Author : Kevlin Henney

Morning light, autumn flickering a shadowplay across the curtains. Bright and windy out there, perfect for a walk — perhaps the woods? No need to rush, but it would be good to get out of the house. The kids will drag their heels to the door, to the car and all the way there. I’ll be telling them to hurry up, but at the first sight of sticks and mud they’ll be off.

Last week was busy. And the week before. And…

Yesterday rebalanced the scales a little, a slow day, all of us glued to screens and couches. We need more days like that, days where we can slow down, repace life, disconnect from a flow that has become a torrent.

I look to the empty half of the bed. Clocks went back last night. This Sunday lie-in has cost me nothing, but you’ve cashed in the extra hour. The household buzz suggests kids, TV, Xbox and dishwasher are all on.

But it feels like too much of the day has passed already. Perhaps my lie-in is not for free? I reach for my clock. Damn. The automatic hour change has messed it up — the minutes are flickering and the hour is way off. Reaching for my glasses, I hold my finger down on the reset button.

Yours too? Purring not ticking, hands race round the face like a track. Not sure I know how to fix that on your clock.

On your manually set clock.

Now through glasses I look again at the curtains. The light is more shadowplay than autumn. Everything has become sharper. Not sharper in focus — which seems to elude me — but sharper in colour. Colours are glowing, vibrant, effervescent. Wrong. Sounds are sharper. Higher. That’s more wavering high-pitched whistle than household buzz.

As I rise the covers fall back with surprising suddenness. I pull back the curtains. They resist and shudder, then sway and tremor with a flourish I don’t intend. But it’s not me. It’s not my intention, not my action, not me that’s at fault. It’s everything — everything else.

Fluorescent clouds race across a cobalt sky, a green-rinsed sun volleys behind them, blurs of colour and long-exposure trails along the street, impressions of cars, auras of people, shimmering trees with pools of blue-tinged leaves lapping at their trunks.

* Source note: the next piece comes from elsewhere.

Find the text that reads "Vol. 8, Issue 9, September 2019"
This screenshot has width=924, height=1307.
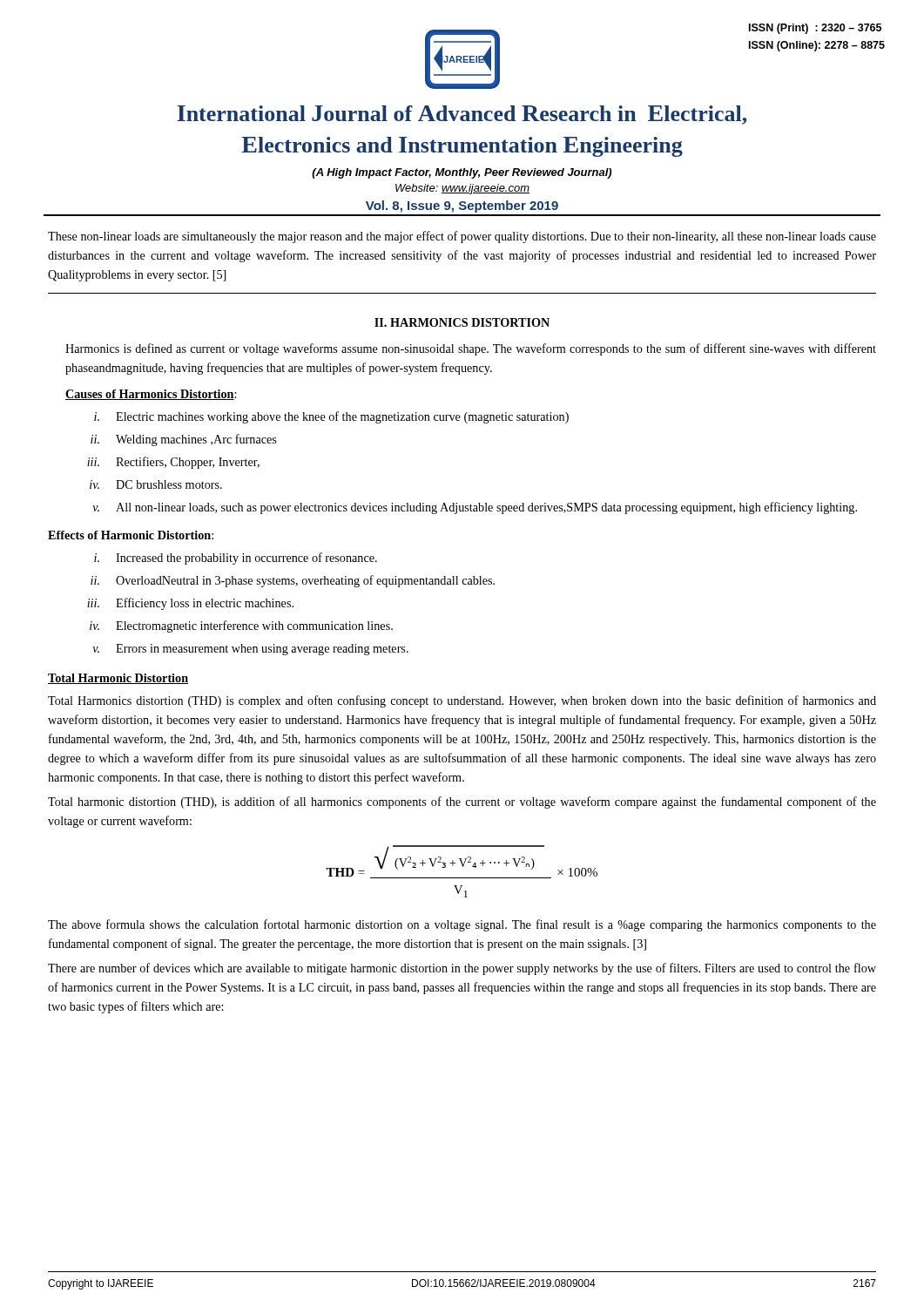462,205

Beautiful. But I don’t understand.

Then a buzz. An insect? No, a whistling cry. I turn. You are standing, off-colour and coffee in hand. In your hand one moment. On the floor, spilt, cup broken the next. You are sketched and retraced, your detail and outline a blur, your mouth flickering, but your face one of constant fear.

You point. Not at the time-lapse world playing through the window but at me.

You point. It’s a question.

“What’s happening? I don’t understand,” I answer.

But you are gone. Between moments, one frame and the next, you disappear, a lingering impression of wide eyes and an open mouth. I miss what must have been the scream.